Extracted records
——————————

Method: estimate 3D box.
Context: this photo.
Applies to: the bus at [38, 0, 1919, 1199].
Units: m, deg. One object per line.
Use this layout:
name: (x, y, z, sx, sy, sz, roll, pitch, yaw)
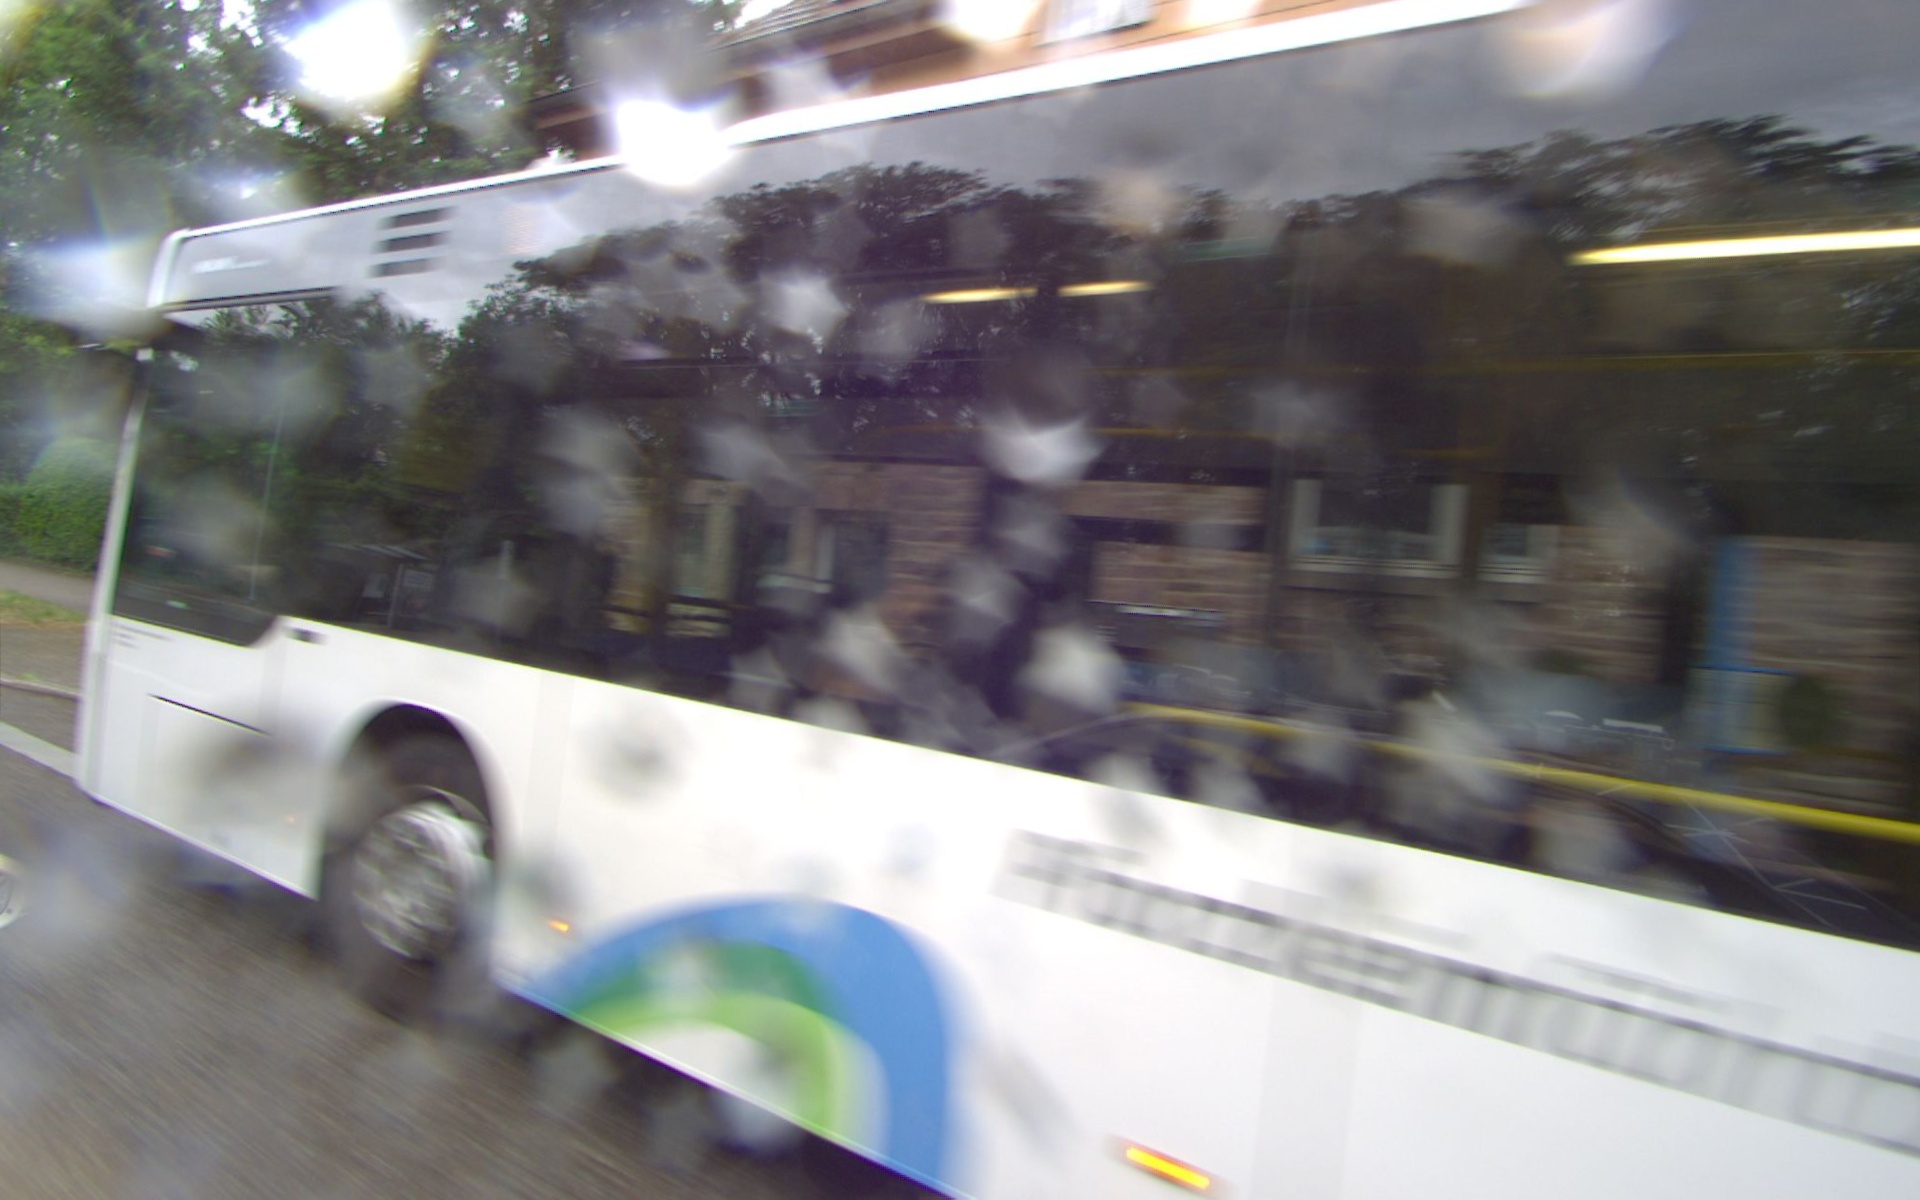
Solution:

——————————

Please write out exactly the lines from the one containing "Units: m, deg. One object per line." through the last line of the records above, and leave out any pictures.

Units: m, deg. One object per line.
Use this layout:
name: (x, y, z, sx, sy, sz, roll, pitch, yaw)
Solution:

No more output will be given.